Material for this exercise:
══════════════════════════════
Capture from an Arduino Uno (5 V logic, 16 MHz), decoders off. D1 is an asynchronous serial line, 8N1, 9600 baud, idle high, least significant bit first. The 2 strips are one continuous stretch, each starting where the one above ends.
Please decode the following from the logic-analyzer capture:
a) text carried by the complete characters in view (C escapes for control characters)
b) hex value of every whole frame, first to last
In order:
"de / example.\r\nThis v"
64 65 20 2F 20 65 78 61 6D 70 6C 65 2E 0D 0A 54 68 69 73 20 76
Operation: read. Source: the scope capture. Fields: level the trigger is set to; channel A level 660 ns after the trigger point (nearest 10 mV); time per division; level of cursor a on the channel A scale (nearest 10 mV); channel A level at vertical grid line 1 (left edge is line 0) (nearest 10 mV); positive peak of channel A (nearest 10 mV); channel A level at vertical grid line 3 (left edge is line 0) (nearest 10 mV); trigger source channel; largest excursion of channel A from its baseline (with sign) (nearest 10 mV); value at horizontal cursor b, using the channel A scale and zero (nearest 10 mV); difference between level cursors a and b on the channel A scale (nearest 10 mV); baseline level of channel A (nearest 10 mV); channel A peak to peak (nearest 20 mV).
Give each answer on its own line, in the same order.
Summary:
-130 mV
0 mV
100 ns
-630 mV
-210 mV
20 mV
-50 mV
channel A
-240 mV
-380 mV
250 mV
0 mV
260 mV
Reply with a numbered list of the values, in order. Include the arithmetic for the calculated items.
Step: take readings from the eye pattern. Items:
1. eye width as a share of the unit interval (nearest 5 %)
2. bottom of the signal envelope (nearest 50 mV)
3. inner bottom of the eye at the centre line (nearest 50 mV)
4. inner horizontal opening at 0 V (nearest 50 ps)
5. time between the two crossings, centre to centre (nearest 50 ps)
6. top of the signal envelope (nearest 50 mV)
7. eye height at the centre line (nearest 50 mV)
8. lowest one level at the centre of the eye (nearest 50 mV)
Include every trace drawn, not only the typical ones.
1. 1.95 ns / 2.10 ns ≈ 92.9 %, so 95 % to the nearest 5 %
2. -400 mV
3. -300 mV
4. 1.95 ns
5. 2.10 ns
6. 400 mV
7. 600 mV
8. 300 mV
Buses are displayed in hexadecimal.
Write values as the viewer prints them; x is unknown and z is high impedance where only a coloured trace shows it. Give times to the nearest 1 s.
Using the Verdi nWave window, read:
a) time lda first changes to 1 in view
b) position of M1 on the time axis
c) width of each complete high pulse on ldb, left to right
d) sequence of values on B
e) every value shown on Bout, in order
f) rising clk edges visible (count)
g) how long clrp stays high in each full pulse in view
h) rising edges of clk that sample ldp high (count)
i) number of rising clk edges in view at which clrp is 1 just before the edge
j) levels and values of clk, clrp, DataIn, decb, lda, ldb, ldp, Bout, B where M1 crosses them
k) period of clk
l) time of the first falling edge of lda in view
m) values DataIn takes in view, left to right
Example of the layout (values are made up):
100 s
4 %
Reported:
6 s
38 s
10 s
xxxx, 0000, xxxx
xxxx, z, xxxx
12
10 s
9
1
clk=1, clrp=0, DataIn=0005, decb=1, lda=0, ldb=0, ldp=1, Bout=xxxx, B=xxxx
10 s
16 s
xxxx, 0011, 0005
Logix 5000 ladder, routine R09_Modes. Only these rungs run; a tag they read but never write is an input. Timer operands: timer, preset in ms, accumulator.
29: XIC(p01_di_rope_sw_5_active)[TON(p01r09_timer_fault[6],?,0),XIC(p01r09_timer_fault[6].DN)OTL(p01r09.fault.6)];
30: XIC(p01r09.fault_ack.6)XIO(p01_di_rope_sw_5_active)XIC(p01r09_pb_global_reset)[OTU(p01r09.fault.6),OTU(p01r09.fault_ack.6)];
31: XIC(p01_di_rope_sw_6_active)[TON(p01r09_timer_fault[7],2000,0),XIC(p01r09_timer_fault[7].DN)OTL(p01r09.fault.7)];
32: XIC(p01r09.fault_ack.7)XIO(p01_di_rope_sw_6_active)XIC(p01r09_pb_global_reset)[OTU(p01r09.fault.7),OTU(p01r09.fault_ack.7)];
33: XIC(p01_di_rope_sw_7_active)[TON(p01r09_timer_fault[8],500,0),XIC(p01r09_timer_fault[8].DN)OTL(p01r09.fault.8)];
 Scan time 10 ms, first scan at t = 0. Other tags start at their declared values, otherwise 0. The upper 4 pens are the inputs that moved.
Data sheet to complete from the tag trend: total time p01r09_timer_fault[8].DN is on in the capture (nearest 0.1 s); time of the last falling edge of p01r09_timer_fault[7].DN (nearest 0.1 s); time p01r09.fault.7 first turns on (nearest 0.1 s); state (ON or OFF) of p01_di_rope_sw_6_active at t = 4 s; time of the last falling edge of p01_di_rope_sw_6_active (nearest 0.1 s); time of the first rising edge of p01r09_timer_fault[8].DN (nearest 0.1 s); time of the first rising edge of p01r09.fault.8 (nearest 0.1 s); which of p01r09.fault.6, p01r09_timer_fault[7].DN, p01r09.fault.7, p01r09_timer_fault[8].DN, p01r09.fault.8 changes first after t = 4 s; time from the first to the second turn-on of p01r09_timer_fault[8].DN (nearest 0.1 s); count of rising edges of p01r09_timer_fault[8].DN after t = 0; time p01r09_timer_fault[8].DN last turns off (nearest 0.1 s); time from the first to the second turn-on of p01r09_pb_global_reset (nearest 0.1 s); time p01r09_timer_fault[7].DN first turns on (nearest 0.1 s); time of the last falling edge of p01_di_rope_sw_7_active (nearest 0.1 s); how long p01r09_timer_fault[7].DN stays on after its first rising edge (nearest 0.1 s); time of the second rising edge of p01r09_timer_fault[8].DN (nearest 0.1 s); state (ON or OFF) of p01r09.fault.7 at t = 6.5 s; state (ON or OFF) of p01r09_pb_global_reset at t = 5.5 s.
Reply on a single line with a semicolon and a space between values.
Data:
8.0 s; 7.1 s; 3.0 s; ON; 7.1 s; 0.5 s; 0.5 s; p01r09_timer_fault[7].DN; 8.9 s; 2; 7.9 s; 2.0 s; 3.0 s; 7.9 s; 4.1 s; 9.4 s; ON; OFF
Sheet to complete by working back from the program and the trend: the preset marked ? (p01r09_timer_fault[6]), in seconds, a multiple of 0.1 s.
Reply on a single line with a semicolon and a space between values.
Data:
══════════════════════════════
Your instructions:
Look through the data above and return exactly the lines from the one that contains "f) rising clk edges visible (count)" to the one that contains "Scan time 10", inclusive, with nothing else.

Solution to the problem:
f) rising clk edges visible (count)
g) how long clrp stays high in each full pulse in view
h) rising edges of clk that sample ldp high (count)
i) number of rising clk edges in view at which clrp is 1 just before the edge
j) levels and values of clk, clrp, DataIn, decb, lda, ldb, ldp, Bout, B where M1 crosses them
k) period of clk
l) time of the first falling edge of lda in view
m) values DataIn takes in view, left to right
Example of the layout (values are made up):
100 s
4 %
Reported:
6 s
38 s
10 s
xxxx, 0000, xxxx
xxxx, z, xxxx
12
10 s
9
1
clk=1, clrp=0, DataIn=0005, decb=1, lda=0, ldb=0, ldp=1, Bout=xxxx, B=xxxx
10 s
16 s
xxxx, 0011, 0005
Logix 5000 ladder, routine R09_Modes. Only these rungs run; a tag they read but never write is an input. Timer operands: timer, preset in ms, accumulator.
29: XIC(p01_di_rope_sw_5_active)[TON(p01r09_timer_fault[6],?,0),XIC(p01r09_timer_fault[6].DN)OTL(p01r09.fault.6)];
30: XIC(p01r09.fault_ack.6)XIO(p01_di_rope_sw_5_active)XIC(p01r09_pb_global_reset)[OTU(p01r09.fault.6),OTU(p01r09.fault_ack.6)];
31: XIC(p01_di_rope_sw_6_active)[TON(p01r09_timer_fault[7],2000,0),XIC(p01r09_timer_fault[7].DN)OTL(p01r09.fault.7)];
32: XIC(p01r09.fault_ack.7)XIO(p01_di_rope_sw_6_active)XIC(p01r09_pb_global_reset)[OTU(p01r09.fault.7),OTU(p01r09.fault_ack.7)];
33: XIC(p01_di_rope_sw_7_active)[TON(p01r09_timer_fault[8],500,0),XIC(p01r09_timer_fault[8].DN)OTL(p01r09.fault.8)];
 Scan time 10 ms, first scan at t = 0. Other tags start at their declared values, otherwise 0. The upper 4 pens are the inputs that moved.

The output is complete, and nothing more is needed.